When we were swinging, there was never any emotional connection. It was just sex, and there was no opportunity for it to become more. We did things together, never separate. With polyamory, it’s a completely different thing. Now there’s the emotional connection. People ask me, how can I share his love? How can I be ok with him having an emotional connection with another woman?
I’ve heard it compared to having kids, and the comparison works for me. You don’t love your first child any less when the second comes along, right? You don’t suddenly decide you want to give up the first for adoption if they’re being little shits and the new baby is totally adorable. I feel the same way about having relationships with other people.
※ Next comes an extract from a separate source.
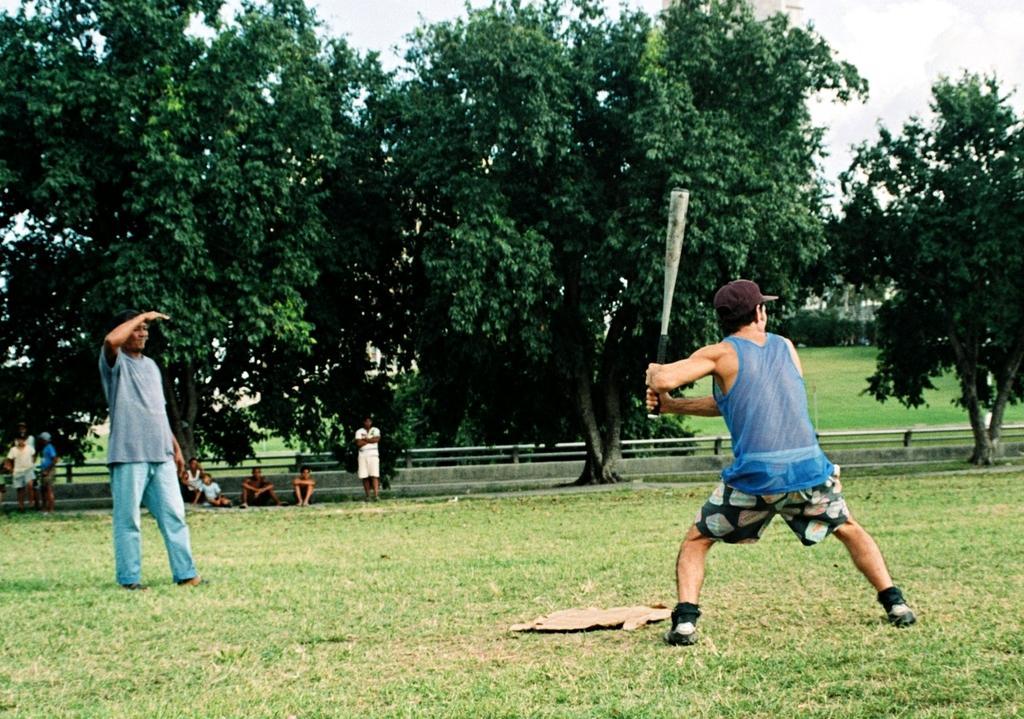How would you summarize this image in a sentence or two? In the picture we can see a grass surface on it, we can see a man playing a baseball holding a bat and in front of him we can see a man standing, and behind him we can see some children are sitting far away under the trees and behind the trees we can see railing and sky on the top of trees.

It might seem flippant, but I think about when I go out for drinks with a friend. I might have a fantastic time, chatting, laughing, just having so much fun connecting with a good friend. My husband isn’t jealous of my emotional connection with my friend. He doesn’t require that I fulfil all my emotional needs from him. And I don’t require the same of him. I can love being loved by him even if I’m not his only love. Clear as mud?
People fall in love again and again and again – just usually, it’s in a chronological order and not simultaneously. We don’t believe you can only love one person, in “that way” at one time.
Laura says
Holy clarity. I have been searching for a long long time to figure out what is wrong with me in my monogamous relationship. I believe this post hit the nail on the head.